Per chi fa colture estensive come frumento, orzo o erba medica, il fattore acqua é sempre stato un non-problema, ma i climatologi lanciano l'allarme, perché in futuro anche queste colture potrebbero risentire di una diminuzione delle precipitazioni, specialmente negli areali del Sud Italia.
Ad avere già oggi dei seri problemi sono invece i maiscoltori. In venti anni (dati Ismea del 2018) il nostro Paese ha perso circa 420mila ettari dedicati a questa coltura. Si é passati dalla condizione di poter soddisfare in maniera autonoma la quasi totalità delle richieste del mercato (soprattutto zootecnico) ad essere forti importatori.
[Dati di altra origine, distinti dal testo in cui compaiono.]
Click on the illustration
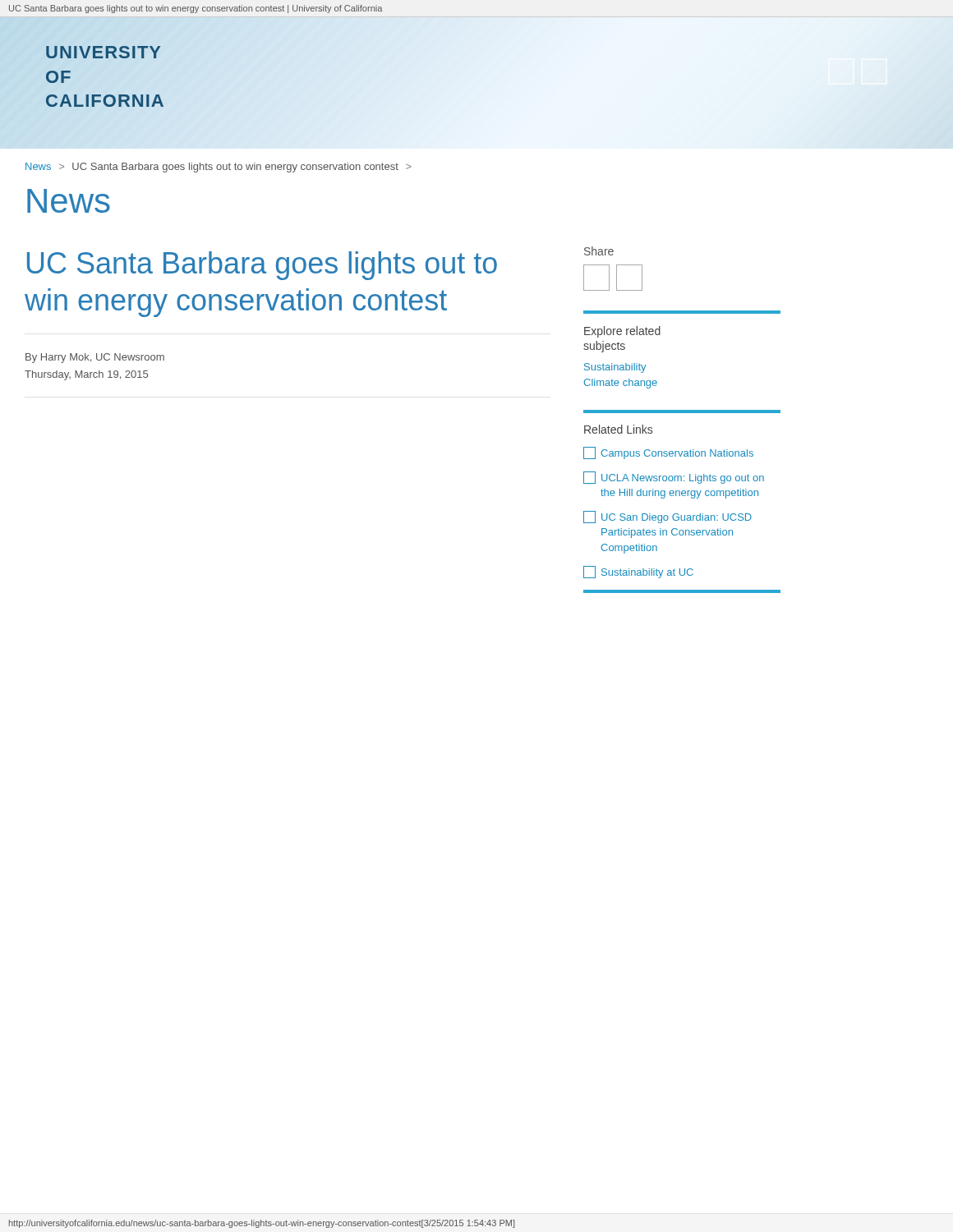This screenshot has height=1232, width=953. [476, 83]
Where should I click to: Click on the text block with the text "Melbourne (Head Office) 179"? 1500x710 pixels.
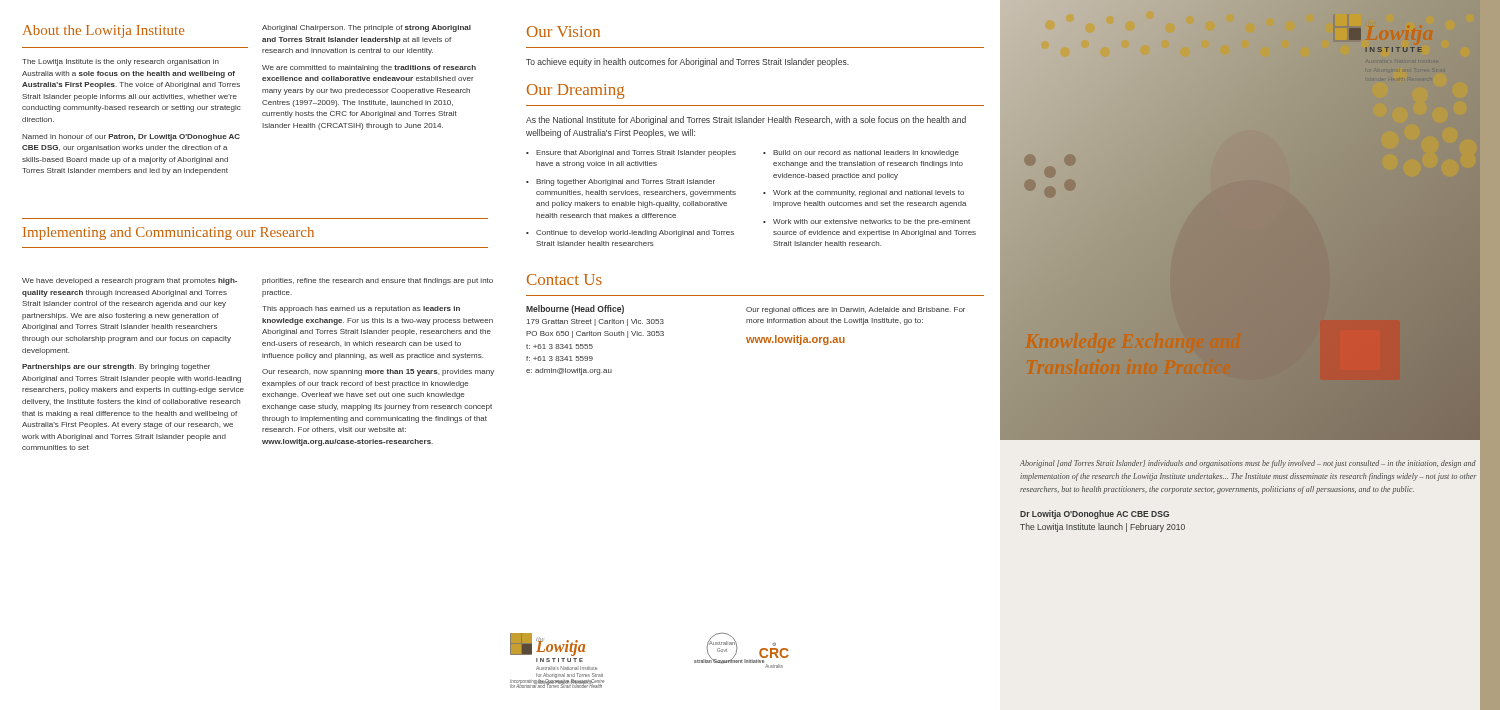click(626, 341)

Le condizioni climatiche sfavorevoli hanno messo a dura prova i produttori di mais che in aggiunta si trovano ad affrontare le micotossine e un mercato che lascia pochi margini di manovra (l'annata 2017/2018 ha corrisposto in media 178,04 euro a tonnellata di granella - dati Ismea).
Più roseo il quadro per i risicoltori che comunque si devono confrontare con le insistenti richieste di un cambio passo nell'uso dell'acqua. Le risaie infatti incamerano grandi quantità di risorsa idrica a monte, lasciando meno risorse per i territori a valle che nelle zone litornaee devono vedersela anche con il cuneo salino.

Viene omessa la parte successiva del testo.